Opportunity spread thin

1st October 2017



Theresa May – not spreading much opportunity

The depth of divisions within the Conservative Party are clear, even before a word is spoken at their annual conference in Manchester this week.  Boris Johnson, once again slightly overstepping his brief as Foreign Secretary, has intervened to make clear his position on the Brexit negotiations.  Nothing unusual there, Johnson’s leadership ambitions are as naked as they are well documented.  However, for Communities Secretary, Sajid Javid, to be equivocal in his support for Theresa May suggests a far deeper malaise at the heart of the Tory leadership.

Asked by The Observer (1/10/17) whether Javid believed May was the right person to lead the Tories into the next election the interview concludes,

“He waits several seconds, smiles, then stands and offers his hand.  “I think we are out of time,” he says, leaving us to draw the obvious conclusion.”

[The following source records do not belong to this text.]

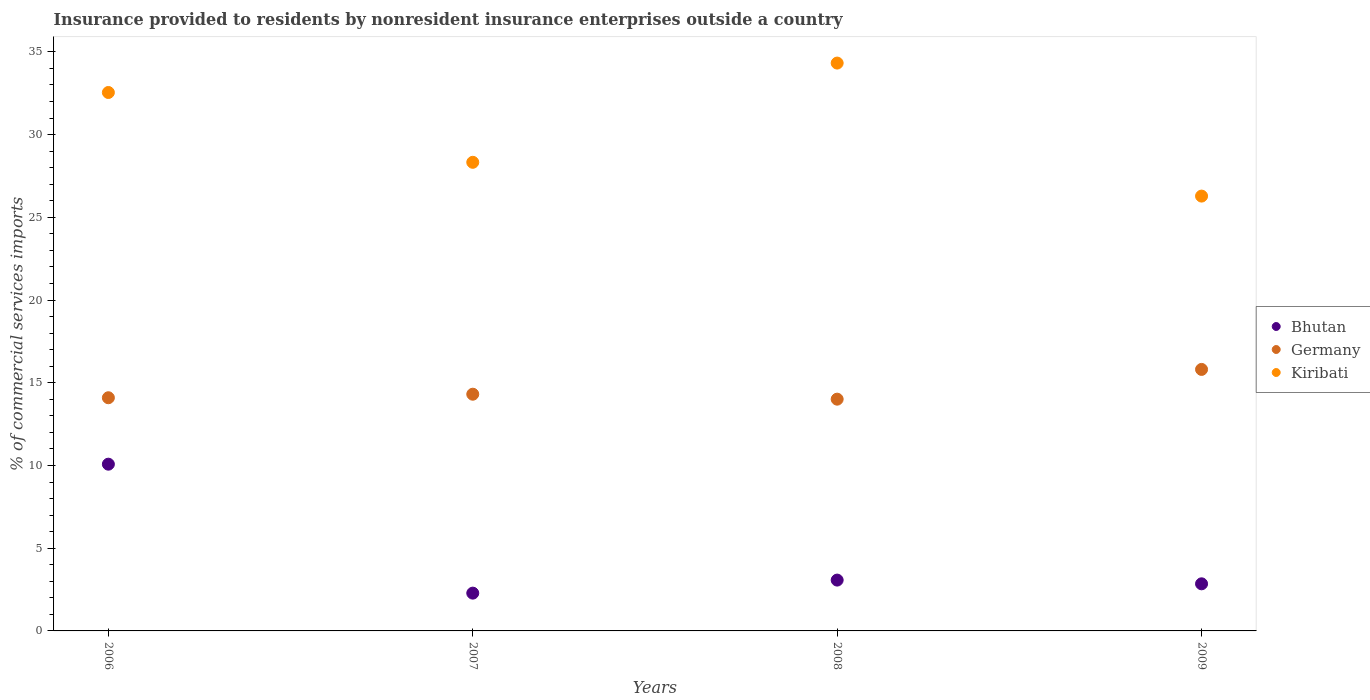What is the Insurance provided to residents in Kiribati in 2008?
Make the answer very short. 34.32. Across all years, what is the maximum Insurance provided to residents in Germany?
Your response must be concise. 15.81. Across all years, what is the minimum Insurance provided to residents in Kiribati?
Offer a very short reply. 26.28. In which year was the Insurance provided to residents in Bhutan minimum?
Make the answer very short. 2007. What is the total Insurance provided to residents in Bhutan in the graph?
Your answer should be compact. 18.28. What is the difference between the Insurance provided to residents in Bhutan in 2007 and that in 2008?
Provide a short and direct response. -0.79. What is the difference between the Insurance provided to residents in Germany in 2006 and the Insurance provided to residents in Kiribati in 2009?
Ensure brevity in your answer.  -12.19. What is the average Insurance provided to residents in Germany per year?
Ensure brevity in your answer.  14.55. In the year 2009, what is the difference between the Insurance provided to residents in Kiribati and Insurance provided to residents in Germany?
Keep it short and to the point. 10.48. What is the ratio of the Insurance provided to residents in Kiribati in 2006 to that in 2007?
Your answer should be very brief. 1.15. What is the difference between the highest and the second highest Insurance provided to residents in Kiribati?
Provide a short and direct response. 1.78. What is the difference between the highest and the lowest Insurance provided to residents in Kiribati?
Provide a short and direct response. 8.04. In how many years, is the Insurance provided to residents in Bhutan greater than the average Insurance provided to residents in Bhutan taken over all years?
Your answer should be compact. 1. How many dotlines are there?
Provide a short and direct response. 3. What is the difference between two consecutive major ticks on the Y-axis?
Your answer should be very brief. 5. Are the values on the major ticks of Y-axis written in scientific E-notation?
Offer a terse response. No. Does the graph contain any zero values?
Offer a very short reply. No. How many legend labels are there?
Make the answer very short. 3. What is the title of the graph?
Your answer should be compact. Insurance provided to residents by nonresident insurance enterprises outside a country. Does "East Asia (all income levels)" appear as one of the legend labels in the graph?
Offer a very short reply. No. What is the label or title of the Y-axis?
Make the answer very short. % of commercial services imports. What is the % of commercial services imports of Bhutan in 2006?
Keep it short and to the point. 10.08. What is the % of commercial services imports of Germany in 2006?
Ensure brevity in your answer.  14.09. What is the % of commercial services imports in Kiribati in 2006?
Provide a succinct answer. 32.55. What is the % of commercial services imports in Bhutan in 2007?
Give a very brief answer. 2.28. What is the % of commercial services imports of Germany in 2007?
Offer a very short reply. 14.31. What is the % of commercial services imports of Kiribati in 2007?
Make the answer very short. 28.33. What is the % of commercial services imports in Bhutan in 2008?
Provide a short and direct response. 3.07. What is the % of commercial services imports of Germany in 2008?
Your answer should be compact. 14.01. What is the % of commercial services imports in Kiribati in 2008?
Your response must be concise. 34.32. What is the % of commercial services imports in Bhutan in 2009?
Keep it short and to the point. 2.85. What is the % of commercial services imports in Germany in 2009?
Your answer should be compact. 15.81. What is the % of commercial services imports in Kiribati in 2009?
Offer a very short reply. 26.28. Across all years, what is the maximum % of commercial services imports in Bhutan?
Your answer should be very brief. 10.08. Across all years, what is the maximum % of commercial services imports in Germany?
Provide a succinct answer. 15.81. Across all years, what is the maximum % of commercial services imports of Kiribati?
Ensure brevity in your answer.  34.32. Across all years, what is the minimum % of commercial services imports in Bhutan?
Provide a short and direct response. 2.28. Across all years, what is the minimum % of commercial services imports of Germany?
Provide a short and direct response. 14.01. Across all years, what is the minimum % of commercial services imports of Kiribati?
Provide a short and direct response. 26.28. What is the total % of commercial services imports in Bhutan in the graph?
Offer a very short reply. 18.28. What is the total % of commercial services imports of Germany in the graph?
Make the answer very short. 58.22. What is the total % of commercial services imports in Kiribati in the graph?
Give a very brief answer. 121.48. What is the difference between the % of commercial services imports in Bhutan in 2006 and that in 2007?
Ensure brevity in your answer.  7.79. What is the difference between the % of commercial services imports in Germany in 2006 and that in 2007?
Your answer should be compact. -0.21. What is the difference between the % of commercial services imports of Kiribati in 2006 and that in 2007?
Offer a very short reply. 4.22. What is the difference between the % of commercial services imports of Bhutan in 2006 and that in 2008?
Keep it short and to the point. 7.01. What is the difference between the % of commercial services imports of Germany in 2006 and that in 2008?
Offer a terse response. 0.09. What is the difference between the % of commercial services imports of Kiribati in 2006 and that in 2008?
Your answer should be very brief. -1.78. What is the difference between the % of commercial services imports of Bhutan in 2006 and that in 2009?
Your answer should be compact. 7.23. What is the difference between the % of commercial services imports of Germany in 2006 and that in 2009?
Your answer should be compact. -1.71. What is the difference between the % of commercial services imports in Kiribati in 2006 and that in 2009?
Make the answer very short. 6.26. What is the difference between the % of commercial services imports in Bhutan in 2007 and that in 2008?
Your answer should be very brief. -0.79. What is the difference between the % of commercial services imports of Germany in 2007 and that in 2008?
Your response must be concise. 0.3. What is the difference between the % of commercial services imports of Kiribati in 2007 and that in 2008?
Provide a succinct answer. -6. What is the difference between the % of commercial services imports of Bhutan in 2007 and that in 2009?
Keep it short and to the point. -0.56. What is the difference between the % of commercial services imports in Germany in 2007 and that in 2009?
Give a very brief answer. -1.5. What is the difference between the % of commercial services imports of Kiribati in 2007 and that in 2009?
Provide a short and direct response. 2.04. What is the difference between the % of commercial services imports of Bhutan in 2008 and that in 2009?
Offer a terse response. 0.22. What is the difference between the % of commercial services imports in Germany in 2008 and that in 2009?
Your answer should be very brief. -1.8. What is the difference between the % of commercial services imports of Kiribati in 2008 and that in 2009?
Offer a very short reply. 8.04. What is the difference between the % of commercial services imports in Bhutan in 2006 and the % of commercial services imports in Germany in 2007?
Offer a terse response. -4.23. What is the difference between the % of commercial services imports of Bhutan in 2006 and the % of commercial services imports of Kiribati in 2007?
Ensure brevity in your answer.  -18.25. What is the difference between the % of commercial services imports of Germany in 2006 and the % of commercial services imports of Kiribati in 2007?
Offer a terse response. -14.23. What is the difference between the % of commercial services imports in Bhutan in 2006 and the % of commercial services imports in Germany in 2008?
Make the answer very short. -3.93. What is the difference between the % of commercial services imports in Bhutan in 2006 and the % of commercial services imports in Kiribati in 2008?
Your response must be concise. -24.24. What is the difference between the % of commercial services imports in Germany in 2006 and the % of commercial services imports in Kiribati in 2008?
Your response must be concise. -20.23. What is the difference between the % of commercial services imports in Bhutan in 2006 and the % of commercial services imports in Germany in 2009?
Keep it short and to the point. -5.73. What is the difference between the % of commercial services imports in Bhutan in 2006 and the % of commercial services imports in Kiribati in 2009?
Your response must be concise. -16.2. What is the difference between the % of commercial services imports in Germany in 2006 and the % of commercial services imports in Kiribati in 2009?
Offer a very short reply. -12.19. What is the difference between the % of commercial services imports of Bhutan in 2007 and the % of commercial services imports of Germany in 2008?
Your answer should be compact. -11.72. What is the difference between the % of commercial services imports of Bhutan in 2007 and the % of commercial services imports of Kiribati in 2008?
Your answer should be very brief. -32.04. What is the difference between the % of commercial services imports in Germany in 2007 and the % of commercial services imports in Kiribati in 2008?
Provide a succinct answer. -20.02. What is the difference between the % of commercial services imports in Bhutan in 2007 and the % of commercial services imports in Germany in 2009?
Make the answer very short. -13.52. What is the difference between the % of commercial services imports in Bhutan in 2007 and the % of commercial services imports in Kiribati in 2009?
Your response must be concise. -24. What is the difference between the % of commercial services imports in Germany in 2007 and the % of commercial services imports in Kiribati in 2009?
Your answer should be very brief. -11.98. What is the difference between the % of commercial services imports of Bhutan in 2008 and the % of commercial services imports of Germany in 2009?
Your answer should be compact. -12.73. What is the difference between the % of commercial services imports in Bhutan in 2008 and the % of commercial services imports in Kiribati in 2009?
Provide a short and direct response. -23.21. What is the difference between the % of commercial services imports in Germany in 2008 and the % of commercial services imports in Kiribati in 2009?
Give a very brief answer. -12.27. What is the average % of commercial services imports of Bhutan per year?
Provide a succinct answer. 4.57. What is the average % of commercial services imports of Germany per year?
Offer a terse response. 14.55. What is the average % of commercial services imports in Kiribati per year?
Provide a short and direct response. 30.37. In the year 2006, what is the difference between the % of commercial services imports in Bhutan and % of commercial services imports in Germany?
Make the answer very short. -4.02. In the year 2006, what is the difference between the % of commercial services imports in Bhutan and % of commercial services imports in Kiribati?
Ensure brevity in your answer.  -22.47. In the year 2006, what is the difference between the % of commercial services imports of Germany and % of commercial services imports of Kiribati?
Ensure brevity in your answer.  -18.45. In the year 2007, what is the difference between the % of commercial services imports in Bhutan and % of commercial services imports in Germany?
Offer a terse response. -12.02. In the year 2007, what is the difference between the % of commercial services imports of Bhutan and % of commercial services imports of Kiribati?
Offer a very short reply. -26.04. In the year 2007, what is the difference between the % of commercial services imports of Germany and % of commercial services imports of Kiribati?
Offer a terse response. -14.02. In the year 2008, what is the difference between the % of commercial services imports in Bhutan and % of commercial services imports in Germany?
Ensure brevity in your answer.  -10.94. In the year 2008, what is the difference between the % of commercial services imports of Bhutan and % of commercial services imports of Kiribati?
Give a very brief answer. -31.25. In the year 2008, what is the difference between the % of commercial services imports in Germany and % of commercial services imports in Kiribati?
Offer a very short reply. -20.31. In the year 2009, what is the difference between the % of commercial services imports of Bhutan and % of commercial services imports of Germany?
Your answer should be very brief. -12.96. In the year 2009, what is the difference between the % of commercial services imports of Bhutan and % of commercial services imports of Kiribati?
Your answer should be very brief. -23.44. In the year 2009, what is the difference between the % of commercial services imports in Germany and % of commercial services imports in Kiribati?
Your answer should be very brief. -10.48. What is the ratio of the % of commercial services imports of Bhutan in 2006 to that in 2007?
Your response must be concise. 4.41. What is the ratio of the % of commercial services imports in Germany in 2006 to that in 2007?
Your answer should be compact. 0.99. What is the ratio of the % of commercial services imports of Kiribati in 2006 to that in 2007?
Make the answer very short. 1.15. What is the ratio of the % of commercial services imports in Bhutan in 2006 to that in 2008?
Your response must be concise. 3.28. What is the ratio of the % of commercial services imports of Kiribati in 2006 to that in 2008?
Offer a very short reply. 0.95. What is the ratio of the % of commercial services imports of Bhutan in 2006 to that in 2009?
Your answer should be compact. 3.54. What is the ratio of the % of commercial services imports of Germany in 2006 to that in 2009?
Ensure brevity in your answer.  0.89. What is the ratio of the % of commercial services imports in Kiribati in 2006 to that in 2009?
Provide a short and direct response. 1.24. What is the ratio of the % of commercial services imports of Bhutan in 2007 to that in 2008?
Ensure brevity in your answer.  0.74. What is the ratio of the % of commercial services imports in Germany in 2007 to that in 2008?
Make the answer very short. 1.02. What is the ratio of the % of commercial services imports of Kiribati in 2007 to that in 2008?
Make the answer very short. 0.83. What is the ratio of the % of commercial services imports of Bhutan in 2007 to that in 2009?
Give a very brief answer. 0.8. What is the ratio of the % of commercial services imports of Germany in 2007 to that in 2009?
Offer a terse response. 0.91. What is the ratio of the % of commercial services imports of Kiribati in 2007 to that in 2009?
Offer a terse response. 1.08. What is the ratio of the % of commercial services imports of Bhutan in 2008 to that in 2009?
Make the answer very short. 1.08. What is the ratio of the % of commercial services imports in Germany in 2008 to that in 2009?
Your response must be concise. 0.89. What is the ratio of the % of commercial services imports of Kiribati in 2008 to that in 2009?
Keep it short and to the point. 1.31. What is the difference between the highest and the second highest % of commercial services imports in Bhutan?
Give a very brief answer. 7.01. What is the difference between the highest and the second highest % of commercial services imports in Germany?
Give a very brief answer. 1.5. What is the difference between the highest and the second highest % of commercial services imports in Kiribati?
Your answer should be very brief. 1.78. What is the difference between the highest and the lowest % of commercial services imports of Bhutan?
Ensure brevity in your answer.  7.79. What is the difference between the highest and the lowest % of commercial services imports in Germany?
Make the answer very short. 1.8. What is the difference between the highest and the lowest % of commercial services imports of Kiribati?
Give a very brief answer. 8.04.

The trick for May this week is to attempt to paper over the cracks and convince enough of the delegates and Parliamentary Party that she is the person to lead them in Brexit negotiations and into the next election.  Strong and stable anyone?

One influential Tory, Matthew Parris, has already described May as being “in a hostage situation”.  He may have added that she would not get many takers to pay the ransom.  Only Damian Green appears to be prepared to make any effort to bail out the waters from the sinking ship.  Most others look more or less prepared to simply bail out themselves, when the time looks right.

In a desperate attempt to shore things up with younger voters, the conference is set to announce a series of policy initiatives, including freezing tuition fees; upping the earnings level at which students need to begin paying back student loans; and a £10bn expansion of the Help to Buy scheme, presumably from the same money tree used to buy off the Democratic Unionists votes in Parliament.

For May these are “key parts of my plan to spread opportunity and build a better future for our country.”  For most of us they will be seen as a desperate set of too little, too late initiatives, which simply underline how far out of touch the Tories have been with the concerns of many ordinary people and for how long.

The appeal to the young, at least those under the age of 45, is in part a response to a recent poll by the Social Market Foundation, which confirms the outcome of the June General Election that the youth vote is overwhelmingly with Labour under Jeremy Corbyn.  Tellingly, amongst voters in this age group, 76% regard the Tories as the party for “richer people” rather than the less wealthy.

Experience is, as ever, a great teacher.  Whatever rhetorical flourish May gives to her desire to “spread opportunity” the reality on the ground is that opportunity is not being spread.  Many younger people find themselves with crippling student debt.  They find themselves unable to get on the housing ladder.  They find themselves increasingly unable to afford rent or must opt for poor quality accommodation as the social housing market contracts.  Whatever it is that May means by spreading opportunity, it simply does not accord with the lives many young people are forced to live.

The resonance of the Labour message, For the Many, Not the Few could hardly be more relevant.  A positive conference for Labour has seen the leadership of Jeremy Corbyn and his keys policies endorsed.  As things stand in the UK at present this is the only flag around which the working class, young people, women, ethnic minorities, those with disabilities and those hoping to change the basis of society for the better, can unite.

The Tories will struggle to keep it together in Manchester this week.  The reality is that the sooner it falls apart, the better for all of us.